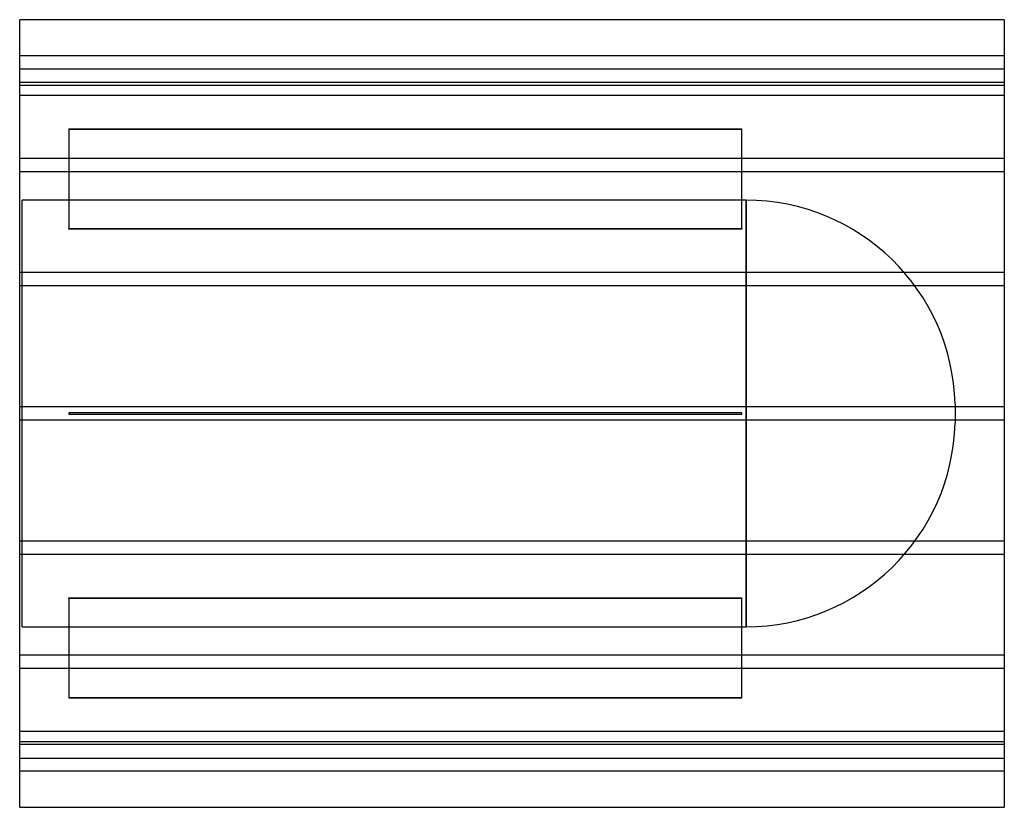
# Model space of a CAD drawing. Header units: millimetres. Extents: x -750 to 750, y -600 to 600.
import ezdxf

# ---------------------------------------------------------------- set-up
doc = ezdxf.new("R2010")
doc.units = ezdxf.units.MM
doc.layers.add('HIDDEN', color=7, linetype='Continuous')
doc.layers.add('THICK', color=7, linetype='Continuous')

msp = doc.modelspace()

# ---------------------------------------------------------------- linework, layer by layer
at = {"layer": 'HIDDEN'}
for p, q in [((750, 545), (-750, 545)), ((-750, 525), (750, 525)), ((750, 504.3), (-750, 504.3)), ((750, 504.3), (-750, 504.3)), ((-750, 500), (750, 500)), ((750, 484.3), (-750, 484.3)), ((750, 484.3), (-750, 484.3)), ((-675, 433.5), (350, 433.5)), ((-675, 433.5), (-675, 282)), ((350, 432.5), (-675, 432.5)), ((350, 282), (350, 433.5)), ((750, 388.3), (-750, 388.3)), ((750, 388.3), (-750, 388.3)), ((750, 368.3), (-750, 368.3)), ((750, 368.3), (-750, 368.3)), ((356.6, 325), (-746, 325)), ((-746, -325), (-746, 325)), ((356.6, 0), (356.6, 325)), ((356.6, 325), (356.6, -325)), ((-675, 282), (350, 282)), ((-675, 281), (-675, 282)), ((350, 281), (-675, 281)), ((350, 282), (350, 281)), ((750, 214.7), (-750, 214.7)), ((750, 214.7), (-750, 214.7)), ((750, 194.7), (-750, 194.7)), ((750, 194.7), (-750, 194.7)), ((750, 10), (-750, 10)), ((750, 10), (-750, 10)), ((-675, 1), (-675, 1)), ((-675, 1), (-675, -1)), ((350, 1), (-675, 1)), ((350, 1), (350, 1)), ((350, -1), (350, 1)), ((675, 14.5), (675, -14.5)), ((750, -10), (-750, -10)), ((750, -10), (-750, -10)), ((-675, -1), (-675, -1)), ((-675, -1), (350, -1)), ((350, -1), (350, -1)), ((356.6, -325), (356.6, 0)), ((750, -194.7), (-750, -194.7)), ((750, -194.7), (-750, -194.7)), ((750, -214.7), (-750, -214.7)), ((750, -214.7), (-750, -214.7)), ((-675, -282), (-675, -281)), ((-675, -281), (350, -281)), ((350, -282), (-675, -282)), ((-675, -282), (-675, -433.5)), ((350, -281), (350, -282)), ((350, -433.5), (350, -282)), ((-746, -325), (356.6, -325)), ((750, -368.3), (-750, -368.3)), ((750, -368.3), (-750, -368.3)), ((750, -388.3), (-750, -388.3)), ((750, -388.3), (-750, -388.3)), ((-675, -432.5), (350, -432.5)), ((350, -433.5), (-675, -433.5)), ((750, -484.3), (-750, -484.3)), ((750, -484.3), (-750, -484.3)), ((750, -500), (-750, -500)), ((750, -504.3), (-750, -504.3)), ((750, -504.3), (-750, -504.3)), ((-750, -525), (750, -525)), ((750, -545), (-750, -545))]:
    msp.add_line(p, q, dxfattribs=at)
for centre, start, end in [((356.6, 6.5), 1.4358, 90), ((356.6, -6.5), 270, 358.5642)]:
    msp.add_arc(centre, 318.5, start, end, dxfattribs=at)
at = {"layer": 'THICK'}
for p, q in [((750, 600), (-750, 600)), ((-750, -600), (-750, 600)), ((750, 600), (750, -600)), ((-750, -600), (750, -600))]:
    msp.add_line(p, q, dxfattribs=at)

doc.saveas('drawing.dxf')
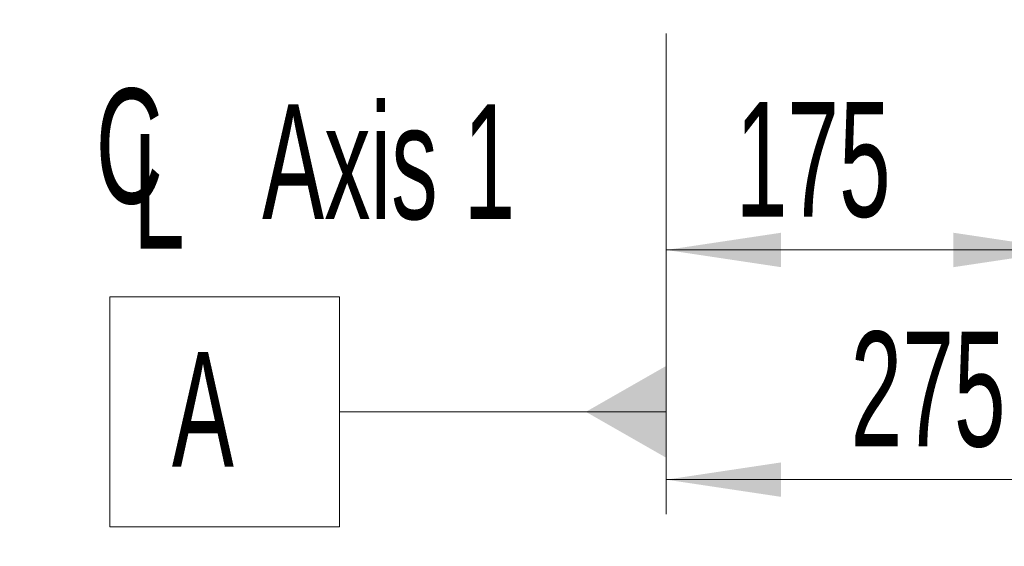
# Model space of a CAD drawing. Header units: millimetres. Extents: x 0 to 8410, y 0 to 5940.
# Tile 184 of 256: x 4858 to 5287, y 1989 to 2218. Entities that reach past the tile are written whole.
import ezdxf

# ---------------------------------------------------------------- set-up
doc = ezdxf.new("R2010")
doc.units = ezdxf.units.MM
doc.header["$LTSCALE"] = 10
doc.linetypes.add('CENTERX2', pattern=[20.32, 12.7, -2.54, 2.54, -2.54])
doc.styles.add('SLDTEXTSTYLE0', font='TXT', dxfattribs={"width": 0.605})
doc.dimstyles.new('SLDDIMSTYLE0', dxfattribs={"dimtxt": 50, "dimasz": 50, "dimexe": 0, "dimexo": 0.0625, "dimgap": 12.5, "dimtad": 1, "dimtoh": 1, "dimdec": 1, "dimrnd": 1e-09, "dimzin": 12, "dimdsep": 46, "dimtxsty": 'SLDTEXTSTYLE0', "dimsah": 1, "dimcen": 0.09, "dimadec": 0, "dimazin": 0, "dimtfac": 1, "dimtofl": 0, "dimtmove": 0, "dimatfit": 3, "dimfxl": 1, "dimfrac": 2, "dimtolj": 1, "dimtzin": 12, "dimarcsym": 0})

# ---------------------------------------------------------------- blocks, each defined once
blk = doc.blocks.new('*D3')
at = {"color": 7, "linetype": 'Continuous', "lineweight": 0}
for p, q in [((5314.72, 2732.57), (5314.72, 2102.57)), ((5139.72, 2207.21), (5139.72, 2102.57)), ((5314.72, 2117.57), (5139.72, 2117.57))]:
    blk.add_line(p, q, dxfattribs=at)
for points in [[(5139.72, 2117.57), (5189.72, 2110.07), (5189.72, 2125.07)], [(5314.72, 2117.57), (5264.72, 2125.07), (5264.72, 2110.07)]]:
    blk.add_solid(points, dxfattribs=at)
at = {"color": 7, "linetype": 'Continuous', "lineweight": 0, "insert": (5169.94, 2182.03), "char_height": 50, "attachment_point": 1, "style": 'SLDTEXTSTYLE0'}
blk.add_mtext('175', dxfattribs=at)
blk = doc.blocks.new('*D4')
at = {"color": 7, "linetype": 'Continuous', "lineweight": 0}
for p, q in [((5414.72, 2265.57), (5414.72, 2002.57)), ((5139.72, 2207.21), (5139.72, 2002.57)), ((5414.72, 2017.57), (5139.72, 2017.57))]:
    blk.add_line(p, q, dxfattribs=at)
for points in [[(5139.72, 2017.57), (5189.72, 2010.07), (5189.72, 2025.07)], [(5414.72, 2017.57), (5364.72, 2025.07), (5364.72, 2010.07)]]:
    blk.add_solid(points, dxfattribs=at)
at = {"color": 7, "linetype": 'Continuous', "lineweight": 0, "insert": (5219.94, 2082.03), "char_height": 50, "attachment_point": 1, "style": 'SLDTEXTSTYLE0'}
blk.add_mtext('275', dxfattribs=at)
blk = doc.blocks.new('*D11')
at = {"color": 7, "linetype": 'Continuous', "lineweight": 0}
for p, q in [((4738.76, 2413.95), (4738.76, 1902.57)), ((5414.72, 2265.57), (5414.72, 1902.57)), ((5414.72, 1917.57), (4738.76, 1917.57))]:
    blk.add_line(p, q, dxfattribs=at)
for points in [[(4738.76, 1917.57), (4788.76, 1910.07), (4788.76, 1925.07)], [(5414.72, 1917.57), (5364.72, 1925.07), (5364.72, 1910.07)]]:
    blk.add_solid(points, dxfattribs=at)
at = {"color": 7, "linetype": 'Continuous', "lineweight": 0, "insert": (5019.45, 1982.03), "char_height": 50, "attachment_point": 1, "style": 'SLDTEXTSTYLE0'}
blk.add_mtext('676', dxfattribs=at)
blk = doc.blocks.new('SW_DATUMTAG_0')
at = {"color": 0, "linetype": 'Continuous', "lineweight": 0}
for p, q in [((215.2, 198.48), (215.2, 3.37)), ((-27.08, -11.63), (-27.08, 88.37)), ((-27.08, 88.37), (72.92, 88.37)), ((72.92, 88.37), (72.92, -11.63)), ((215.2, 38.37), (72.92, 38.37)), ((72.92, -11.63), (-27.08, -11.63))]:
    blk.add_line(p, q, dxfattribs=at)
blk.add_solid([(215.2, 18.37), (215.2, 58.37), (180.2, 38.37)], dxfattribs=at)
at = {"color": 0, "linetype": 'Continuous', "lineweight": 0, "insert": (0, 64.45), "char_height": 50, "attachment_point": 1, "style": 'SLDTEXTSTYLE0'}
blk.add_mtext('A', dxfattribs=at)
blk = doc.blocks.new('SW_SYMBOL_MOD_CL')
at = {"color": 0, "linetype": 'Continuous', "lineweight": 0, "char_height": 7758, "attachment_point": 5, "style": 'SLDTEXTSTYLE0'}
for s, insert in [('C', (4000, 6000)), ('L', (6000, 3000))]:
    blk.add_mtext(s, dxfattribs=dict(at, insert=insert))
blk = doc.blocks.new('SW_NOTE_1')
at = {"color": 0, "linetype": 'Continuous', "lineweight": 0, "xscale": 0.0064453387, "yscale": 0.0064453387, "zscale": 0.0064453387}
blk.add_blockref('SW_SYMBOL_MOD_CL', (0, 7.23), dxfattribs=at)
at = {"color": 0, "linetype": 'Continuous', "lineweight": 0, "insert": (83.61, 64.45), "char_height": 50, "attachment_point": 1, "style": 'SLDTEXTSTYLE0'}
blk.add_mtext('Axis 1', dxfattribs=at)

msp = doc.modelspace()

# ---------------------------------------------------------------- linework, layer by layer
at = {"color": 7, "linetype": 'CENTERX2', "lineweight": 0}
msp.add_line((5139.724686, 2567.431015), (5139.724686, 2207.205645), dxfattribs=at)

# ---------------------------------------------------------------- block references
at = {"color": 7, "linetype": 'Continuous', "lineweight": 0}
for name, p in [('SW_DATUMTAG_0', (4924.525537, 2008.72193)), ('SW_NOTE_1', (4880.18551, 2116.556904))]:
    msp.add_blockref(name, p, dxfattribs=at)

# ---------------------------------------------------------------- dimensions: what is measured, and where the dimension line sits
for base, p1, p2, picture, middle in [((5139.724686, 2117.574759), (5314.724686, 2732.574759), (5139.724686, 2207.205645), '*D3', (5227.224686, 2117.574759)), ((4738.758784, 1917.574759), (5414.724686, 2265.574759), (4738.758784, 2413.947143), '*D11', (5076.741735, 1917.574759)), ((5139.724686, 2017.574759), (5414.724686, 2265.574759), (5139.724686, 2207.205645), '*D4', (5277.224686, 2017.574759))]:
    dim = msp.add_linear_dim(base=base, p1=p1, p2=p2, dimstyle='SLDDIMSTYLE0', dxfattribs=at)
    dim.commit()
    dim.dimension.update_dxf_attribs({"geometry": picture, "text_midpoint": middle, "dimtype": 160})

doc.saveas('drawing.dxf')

WHAT THE TASK ASKS: In the entries above, find each line with "millimetres" and list it.

ANSWER TO THE PROBLEM:
# Model space of a CAD drawing. Header units: millimetres. Extents: x -750 to 750, y -600 to 600.
# Model space of a CAD drawing. Header units: millimetres. Extents: x 0 to 8410, y 0 to 5940.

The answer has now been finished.